#### EXERCISE REQUIREMENTS
Look below. Copy each line that has "none" in it.

#### DATA PROVIDED
[Start of Attachment]

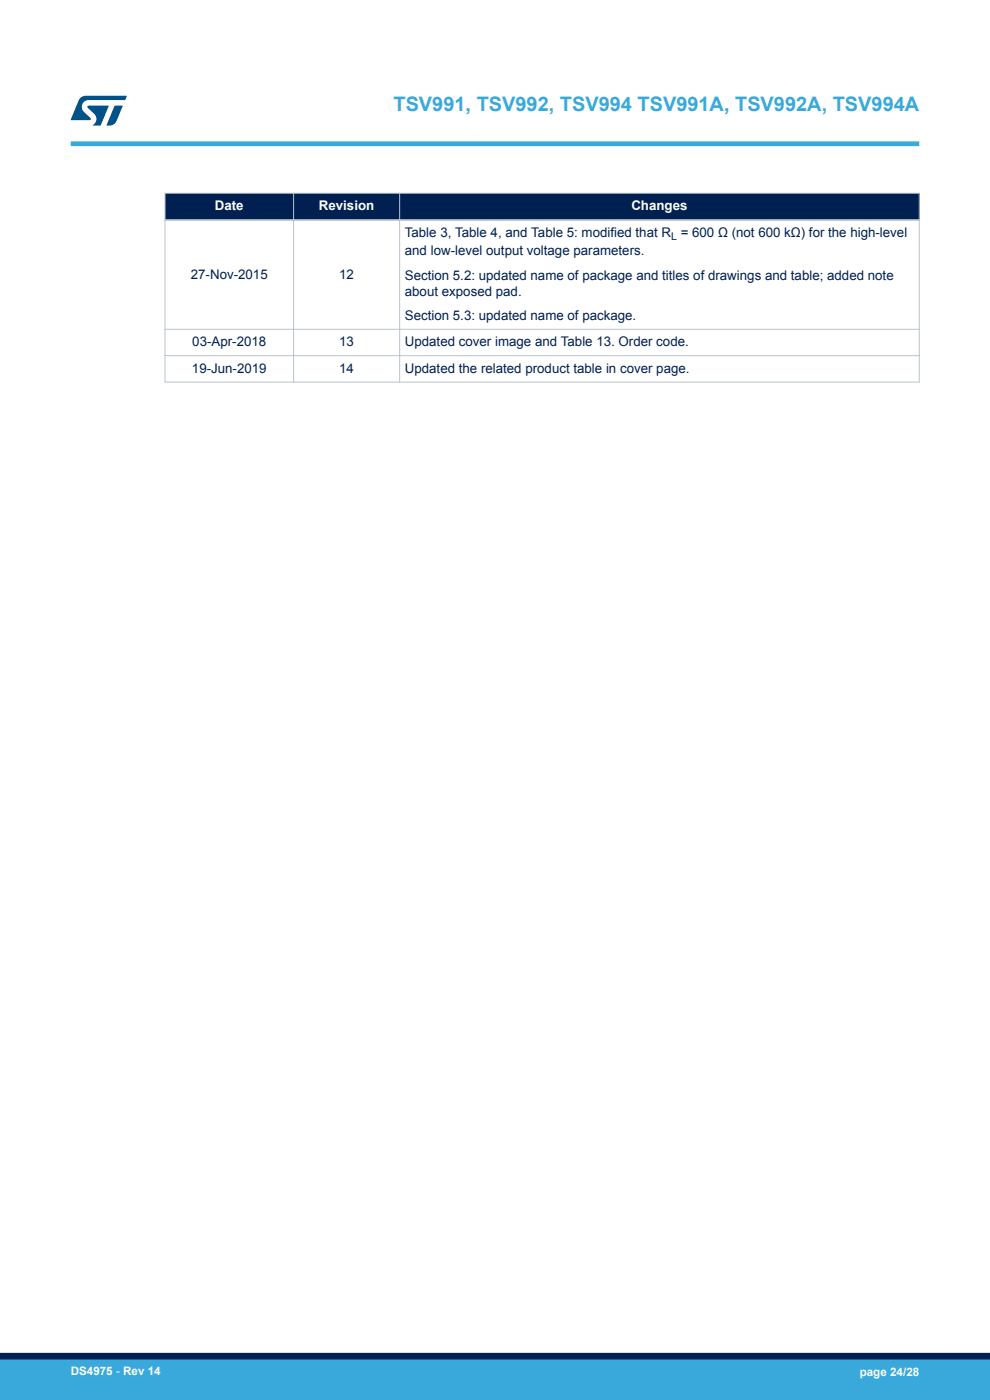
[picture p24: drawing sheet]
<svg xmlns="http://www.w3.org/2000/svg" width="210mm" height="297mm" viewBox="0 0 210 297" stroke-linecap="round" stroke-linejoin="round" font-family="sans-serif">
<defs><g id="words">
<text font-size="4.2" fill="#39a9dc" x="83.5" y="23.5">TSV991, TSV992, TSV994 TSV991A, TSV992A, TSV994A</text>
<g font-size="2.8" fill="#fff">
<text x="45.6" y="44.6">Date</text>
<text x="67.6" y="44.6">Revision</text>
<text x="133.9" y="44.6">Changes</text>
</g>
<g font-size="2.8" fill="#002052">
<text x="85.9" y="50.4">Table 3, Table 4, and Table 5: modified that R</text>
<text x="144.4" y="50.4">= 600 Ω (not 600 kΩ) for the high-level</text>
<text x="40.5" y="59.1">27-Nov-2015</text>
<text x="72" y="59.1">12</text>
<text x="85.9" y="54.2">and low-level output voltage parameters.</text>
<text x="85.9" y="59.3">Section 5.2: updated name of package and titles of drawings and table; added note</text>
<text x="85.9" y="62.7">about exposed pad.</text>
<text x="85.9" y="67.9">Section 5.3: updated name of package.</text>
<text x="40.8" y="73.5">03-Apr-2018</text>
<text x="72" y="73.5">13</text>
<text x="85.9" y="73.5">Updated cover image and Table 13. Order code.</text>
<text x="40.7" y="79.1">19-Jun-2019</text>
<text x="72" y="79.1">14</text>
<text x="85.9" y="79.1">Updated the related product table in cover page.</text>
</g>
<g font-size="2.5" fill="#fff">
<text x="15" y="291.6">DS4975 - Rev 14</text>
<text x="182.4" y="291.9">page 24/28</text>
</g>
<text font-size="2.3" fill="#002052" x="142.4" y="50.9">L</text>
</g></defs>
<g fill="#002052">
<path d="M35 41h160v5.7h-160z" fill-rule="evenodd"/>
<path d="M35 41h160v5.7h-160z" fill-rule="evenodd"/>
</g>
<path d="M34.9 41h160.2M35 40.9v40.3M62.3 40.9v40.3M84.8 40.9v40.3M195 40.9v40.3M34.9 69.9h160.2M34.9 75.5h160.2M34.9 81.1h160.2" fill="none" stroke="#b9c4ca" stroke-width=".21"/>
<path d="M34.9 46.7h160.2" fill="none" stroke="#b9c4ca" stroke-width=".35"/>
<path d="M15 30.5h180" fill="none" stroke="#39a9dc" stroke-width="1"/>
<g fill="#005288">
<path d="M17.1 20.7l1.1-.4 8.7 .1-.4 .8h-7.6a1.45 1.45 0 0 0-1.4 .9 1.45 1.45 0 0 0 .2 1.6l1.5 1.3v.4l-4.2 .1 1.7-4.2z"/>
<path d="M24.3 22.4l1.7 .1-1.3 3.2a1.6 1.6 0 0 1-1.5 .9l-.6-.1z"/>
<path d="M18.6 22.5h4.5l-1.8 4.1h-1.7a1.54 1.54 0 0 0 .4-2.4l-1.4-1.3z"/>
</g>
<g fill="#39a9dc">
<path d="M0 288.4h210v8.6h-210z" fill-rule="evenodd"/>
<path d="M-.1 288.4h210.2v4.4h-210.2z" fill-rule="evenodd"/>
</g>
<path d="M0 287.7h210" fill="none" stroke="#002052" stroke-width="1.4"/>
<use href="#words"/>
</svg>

[End of Attachment]

#### WORKED SOLUTION
<path d="M34.9 41h160.2M35 40.9v40.3M62.3 40.9v40.3M84.8 40.9v40.3M195 40.9v40.3M34.9 69.9h160.2M34.9 75.5h160.2M34.9 81.1h160.2" fill="none" stroke="#b9c4ca" stroke-width=".21"/>
<path d="M34.9 46.7h160.2" fill="none" stroke="#b9c4ca" stroke-width=".35"/>
<path d="M15 30.5h180" fill="none" stroke="#39a9dc" stroke-width="1"/>
<path d="M0 287.7h210" fill="none" stroke="#002052" stroke-width="1.4"/>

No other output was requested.